Yes, you are right. I will update it.

Thanks
Wen Congyang

> 
> Jan
> 
>> +		return 1;
>> +	return 0;
>> +}
>>  #endif /* __KERNEL__ */
>>  #endif /* __LINUX_KVM_PARA_H */
>>
> 
> 
> 
>
Sasha Levin July 21, 2012, 10:50 a.m. UTC | #3
On 07/21/2012 09:12 AM, Wen Congyang wrote:
> +#define KVM_PV_PORT	(0x505UL)
> +
>  #ifdef __KERNEL__
>  #include <asm/processor.h>
>  
> @@ -221,6 +223,11 @@ static inline void kvm_disable_steal_time(void)
>  }
>  #endif
>  
> +static inline unsigned int kvm_arch_pv_features(void)
> +{
> +	return inl(KVM_PV_PORT);
> +}
> +

Why is this safe?

I'm not sure you can just pick any ioport you'd like and use it.
Anthony Liguori July 22, 2012, 7:22 p.m.

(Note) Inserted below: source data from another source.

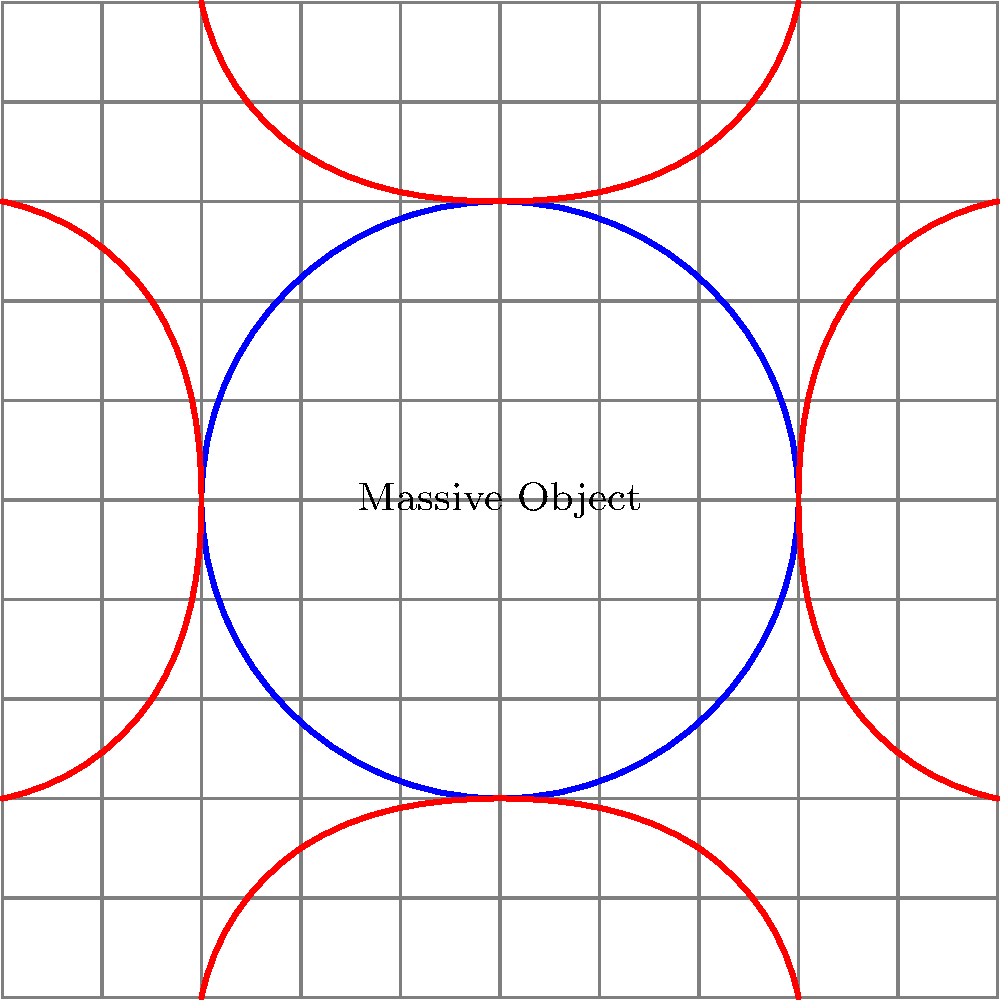In the context of general relativity, the image above represents the curvature of spacetime around a massive object using a 2D grid. If a beam of light were to travel along one of the curved red lines, what would an observer at a distance perceive about the path of this light, and how does this relate to the concept of gravitational lensing? To understand this phenomenon, let's break it down step-by-step:

1. In general relativity, massive objects curve spacetime around them. This is represented in the image by the distortion of the grid lines near the blue circle (massive object).

2. The red curved lines represent the paths that light would follow in this curved spacetime. These are called geodesics - the shortest path between two points in curved spacetime.

3. Light always travels along geodesics. In flat spacetime, these would be straight lines. However, in curved spacetime, they appear bent.

4. An observer far from the massive object would be in a region of relatively flat spacetime. From their perspective, light appears to travel in straight lines.

5. When the observer sees light that has passed near the massive object, they will perceive it as having followed a curved path. This is because the light has actually traveled along a geodesic in curved spacetime, but the observer interprets this in their flat spacetime framework.

6. This bending of light due to the curvature of spacetime is known as gravitational lensing. It can cause distant objects to appear in different positions or even create multiple images of the same object.

7. The degree of bending depends on the mass of the object and how close the light passes to it. This is described by the Einstein radius, given by the equation:

   $$\theta_E = \sqrt{\frac{4GM}{c^2}\frac{D_{LS}}{D_L D_S}}$$

   where $G$ is the gravitational constant, $M$ is the mass of the lensing object, $c$ is the speed of light, and $D_{LS}$, $D_L$, and $D_S$ are the distances between lens-source, observer-lens, and observer-source respectively.

8. Gravitational lensing is a powerful tool in astrophysics, used to study distant galaxies, detect dark matter, and even search for exoplanets.
Answer: The observer would perceive the light as following a curved path, demonstrating gravitational lensing.

UTC | #4
Sasha Levin <levinsasha928@gmail.com> writes:

> On 07/21/2012 09:12 AM, Wen Congyang wrote:
>> +#define KVM_PV_PORT	(0x505UL)
>> +
>>  #ifdef __KERNEL__
>>  #include <asm/processor.h>
>>  
>> @@ -221,6 +223,11 @@ static inline void kvm_disable_steal_time(void)
>>  }
>>  #endif
>>  
>> +static inline unsigned int kvm_arch_pv_features(void)
>> +{
>> +	return inl(KVM_PV_PORT);
>> +}
>> +
>
> Why is this safe?
>
> I'm not sure you can just pick any ioport you'd like and use it.

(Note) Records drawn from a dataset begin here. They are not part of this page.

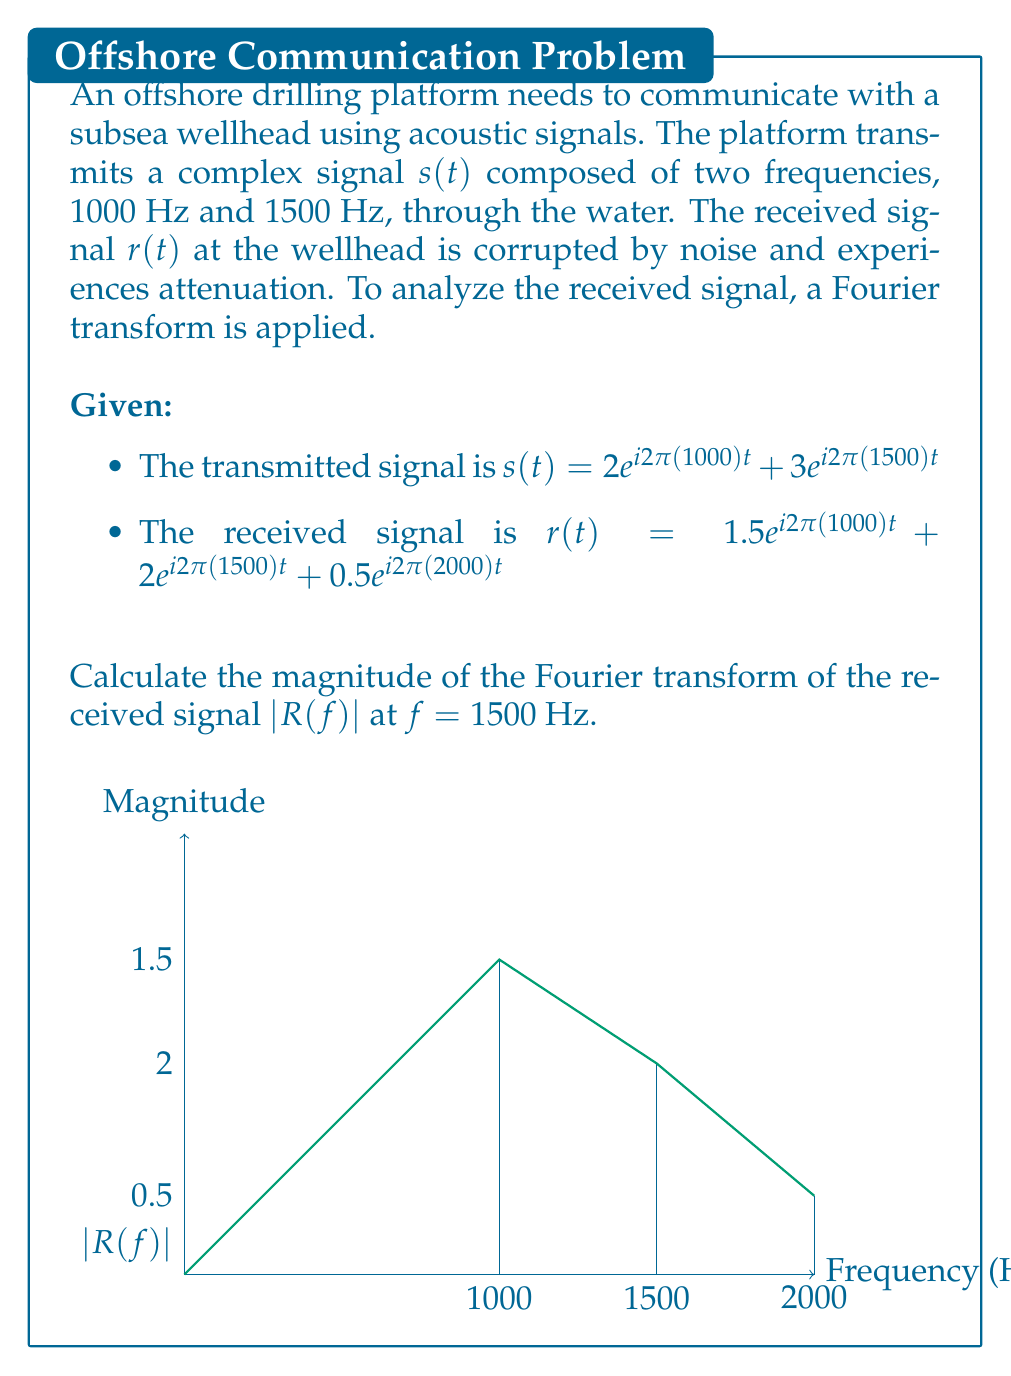Solve this math problem. To solve this problem, we'll follow these steps:

1) The Fourier transform of a complex exponential signal $e^{i2\pi f_0t}$ is a delta function $\delta(f-f_0)$.

2) The received signal $r(t)$ consists of three components:
   $r(t) = 1.5e^{i2\pi(1000)t} + 2e^{i2\pi(1500)t} + 0.5e^{i2\pi(2000)t}$

3) The Fourier transform of $r(t)$ is:
   $R(f) = 1.5\delta(f-1000) + 2\delta(f-1500) + 0.5\delta(f-2000)$

4) The magnitude of the Fourier transform $|R(f)|$ is:
   $|R(f)| = 1.5$ at $f = 1000$ Hz
   $|R(f)| = 2$ at $f = 1500$ Hz
   $|R(f)| = 0.5$ at $f = 2000$ Hz
   $|R(f)| = 0$ elsewhere

5) The question asks for $|R(f)|$ at $f = 1500$ Hz, which is 2.

This analysis shows that the original 1500 Hz component has been attenuated from 3 to 2 during transmission, and a new 2000 Hz component (possibly noise) has been introduced.
Answer: 2

There are three ways I/O ports get used on a PC:

1) Platform devices
 - This is well defined since the vast majority of platform devices are
   implemented within a single chip.  If you're emulating an i440fx
   chipset, the PIIX4 spec has an exhaustive list.

2) PCI devices
 - Typically, PCI only allocates ports starting at 0x0d00 to avoid
   conflicts with ISA devices.

3) ISA devices
 - ISA uses subtractive decoding so any ISA device can access.  In
   theory, an ISA device could attempt to use port 0x0505 but it's
   unlikely.  In a modern guest, there aren't really any ISA devices being
   added either.

So yes, picking port 0x0505 is safe for something like this (as long as
you check to make sure that you really are under KVM).

Regards,

Anthony Liguori

> --
> To unsubscribe from this list: send the line "unsubscribe kvm" in
> the body of a message to majordomo@vger.kernel.org
> More majordomo info at  http://vger.kernel.org/majordomo-info.html
Sasha Levin July 22, 2012, 8:19 p.m. UTC | #5
On 07/22/2012 09:22 PM, Anthony Liguori wrote:
> Sasha Levin <levinsasha928@gmail.com> writes:
> 
>> On 07/21/2012 09:12 AM, Wen Congyang wrote:
>>> +#define KVM_PV_PORT	(0x505UL)
>>> +
>>>  #ifdef __KERNEL__
>>>  #include <asm/processor.h>
>>>  
>>> @@ -221,6 +223,11 @@ static inline void kvm_disable_steal_time(void)
>>>  }
>>>  #endif
>>>  
>>> +static inline unsigned int kvm_arch_pv_features(void)
>>> +{
>>> +	return inl(KVM_PV_PORT);
>>> +}
>>> +
>>
>> Why is this safe?
>>
>> I'm not sure you can just pick any ioport you'd like and use it.
> 
> There are three ways I/O ports get used on a PC:
> 
> 1) Platform devices
>  - This is well defined since the vast majority of platform devices are
>    implemented within a single chip.  If you're emulating an i440fx
>    chipset, the PIIX4 spec has an exhaustive list.
> 
> 2) PCI devices
>  - Typically, PCI only allocates ports starting at 0x0d00 to avoid
>    conflicts with ISA devices.
> 
> 3) ISA devices
>  - ISA uses subtractive decoding so any ISA device can access.  In
>    theory, an ISA device could attempt to use port 0x0505 but it's
>    unlikely.  In a modern guest, there aren't really any ISA devices being
>    added either.
> 
> So yes, picking port 0x0505 is safe for something like this (as long as
> you check to make sure that you really are under KVM).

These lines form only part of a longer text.